Under Pennsylvania law, unambiguous contracts are interpreted by the court as a matter of law, whereas ambiguous writings are interpreted by the finder of fact. Ins. Adjustment Bureau, Inc. v. Allstate Ins. Co., 588 Pa. 470, 481 (2006). "The court, as a matter of law, determines the existence of an ambiguity . . . ." Hutchison v. Sunbeam Coal Corp., 513 Pa. 192, 201 (1986). A contract is ambiguous if it is "reasonably susceptible of different constructions and capable of being understood in more than one sense." Trizechahn Gateway LLC v. Titus, 601 Pa. 637, 653 (2009) (citation omitted). "When the terms of a contract are clear and unambiguous, the intent of the parties is to be ascertained from the document itself. When, however, an ambiguity exists, parol evidence is admissible to explain or clarify or resolve the ambiguity, irrespective of whether the ambiguity is patent, created by the language of the instrument, or latent, created by extrinsic or collateral circumstances." Ins. Adjustment Bureau, 588 Pa. at 481 (internal citations omitted). The trier of fact resolves conflicting parol evidence relevant to what the parties intended by the ambiguous provision.

Hutchison v.
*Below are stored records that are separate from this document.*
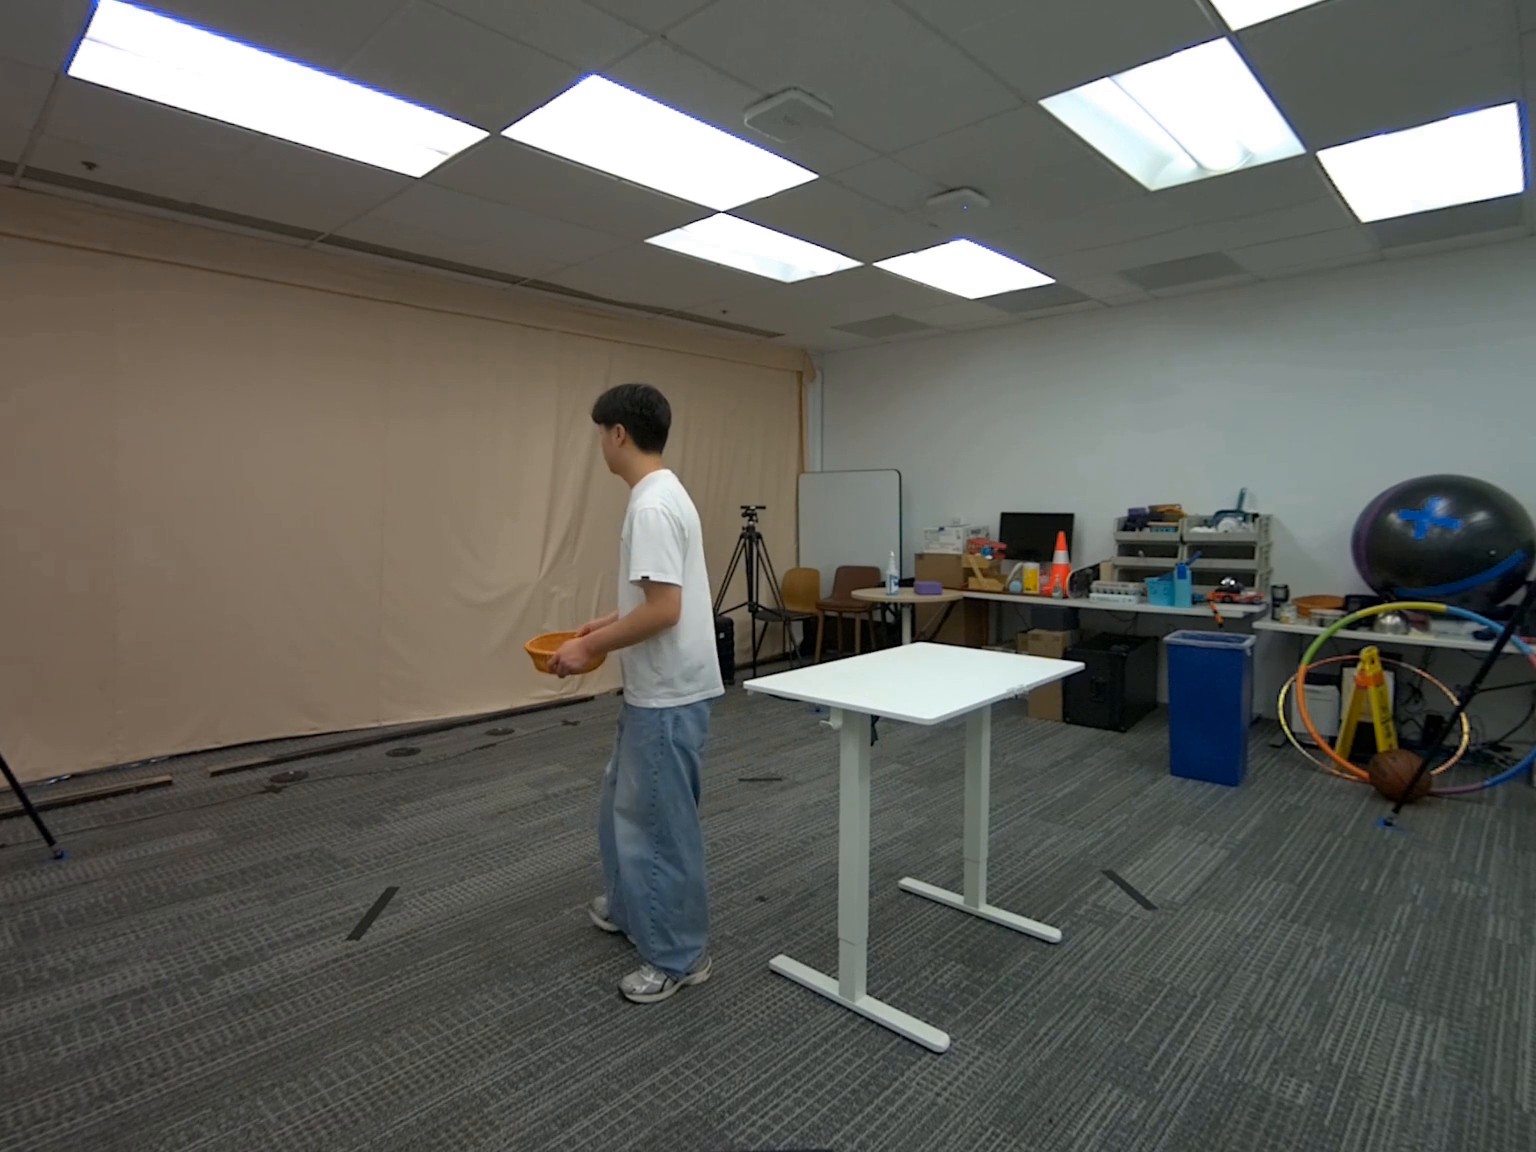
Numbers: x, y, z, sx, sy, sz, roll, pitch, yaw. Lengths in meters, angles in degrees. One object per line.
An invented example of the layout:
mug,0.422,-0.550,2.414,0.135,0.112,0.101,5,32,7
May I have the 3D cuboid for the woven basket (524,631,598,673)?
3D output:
woven basket,-0.574,0.234,2.503,0.255,0.073,0.349,3,7,6
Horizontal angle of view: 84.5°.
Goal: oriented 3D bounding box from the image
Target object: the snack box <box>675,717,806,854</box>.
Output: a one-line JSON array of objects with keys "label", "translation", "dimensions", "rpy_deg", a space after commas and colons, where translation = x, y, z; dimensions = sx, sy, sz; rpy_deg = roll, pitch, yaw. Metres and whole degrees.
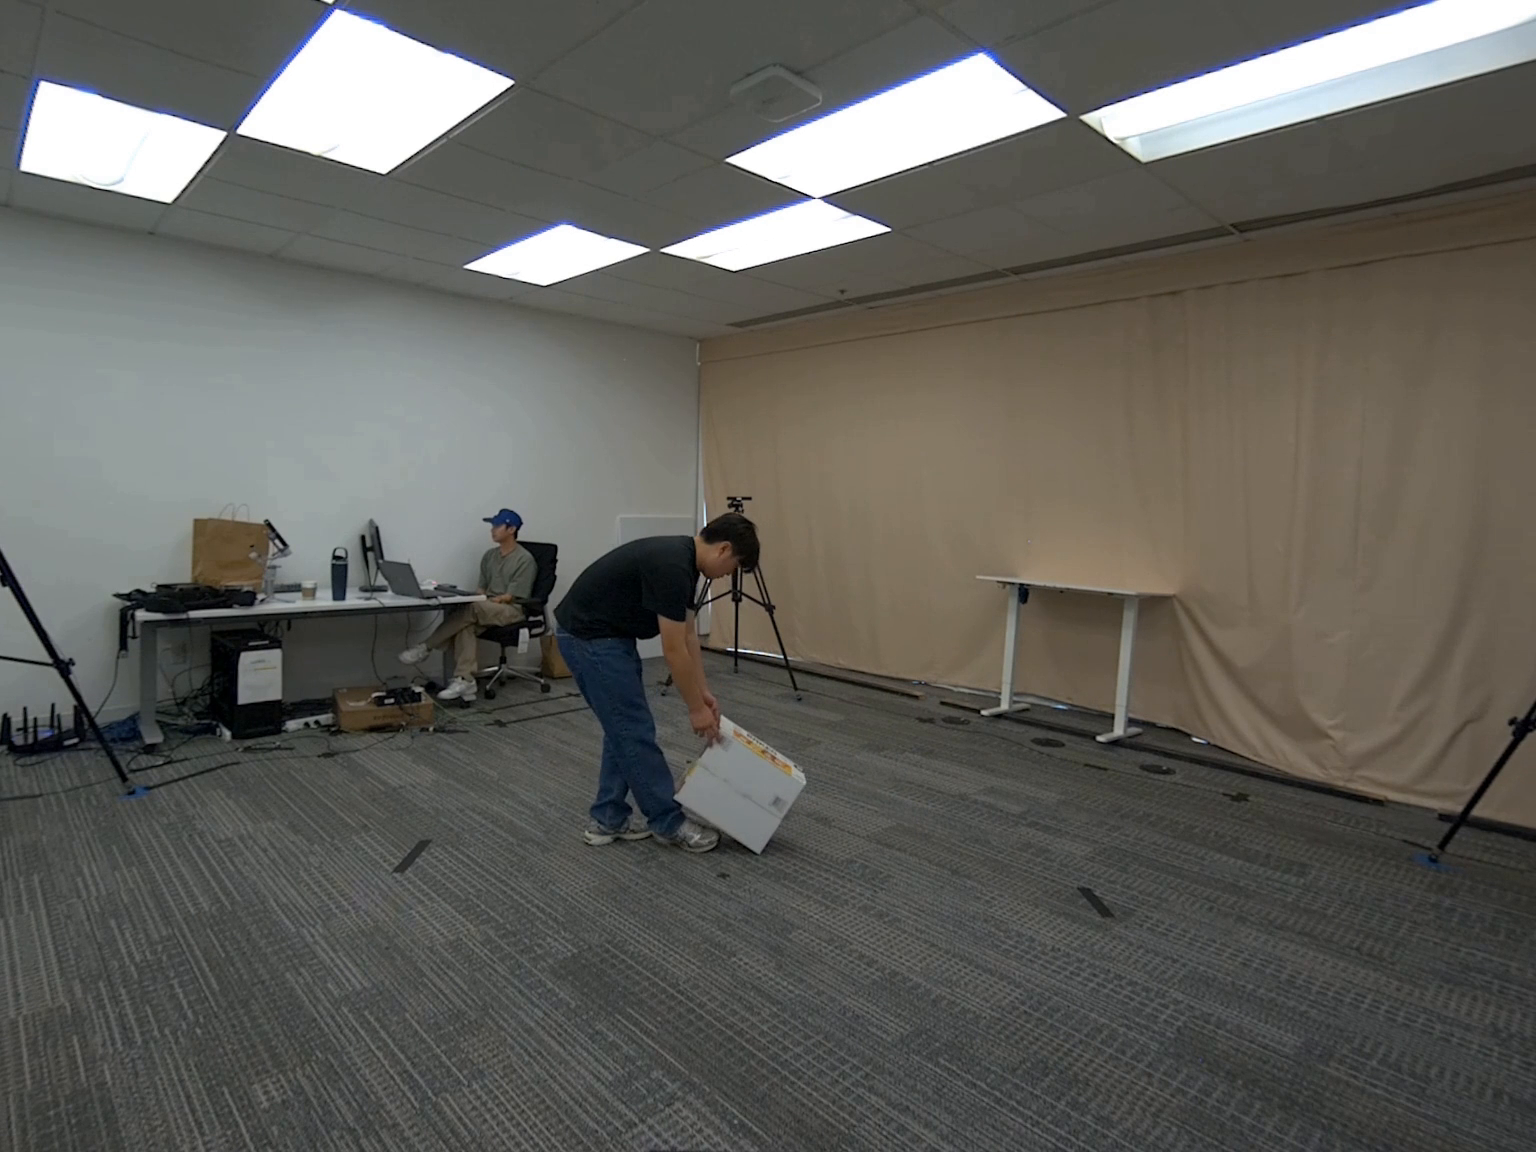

Sunbeam Coal Corp., 513 Pa. 192, 201 (1986).

2. Analysis

The third paragraph of OPG's letter of intent declares that the letter is "solely an expression of intent subject to the execution of a formal contract," but goes on to state that by its issuance, OPG "formally authorizes" Lynchburg to initiate the placement of steel mill orders. (Pl.'s Mot., Ex. 3.) Based on this language, it is unclear whether the parties intended the letter to be binding. The Court concludes that the letter of intent is ambiguous and that parol evidence is admissible to explain the ambiguity.

OPG points to parol evidence that it did not intend the letter of intent to be a binding contract and that the letter does not constitute a complete, enforceable agreement because the obtainment of financing for the Project was a condition precedent to payment. The evidence on this point is conflicting. Auerbach testified that he would not have signed the Proposed Contract unless financing had been obtained for the Project, and that before issuing the letter of intent to Lynchburg, he had engaged in discussions with Lynchburg's Paul Hudnall about financing as a precondition to payment. (Auerbach Dep. at 46:1-11, 95:2-7.) Thereafter, at the same deposition, Auerbach testified that he did not recall discussing with Lynchburg that payment for the steel was contingent upon financing, and that he did not "even remember having discussions with Paul Hudnall." (Id. at 113:12-15.) In light of this conflicting evidence, the questions of whether the letter of intent was binding and whether financing was a precondition to payment are properly left to the determination of the jury.

V. CONCLUSION

For the reasons stated above, plaintiff's motion for partial summary judgment is denied. An appropriate order follows.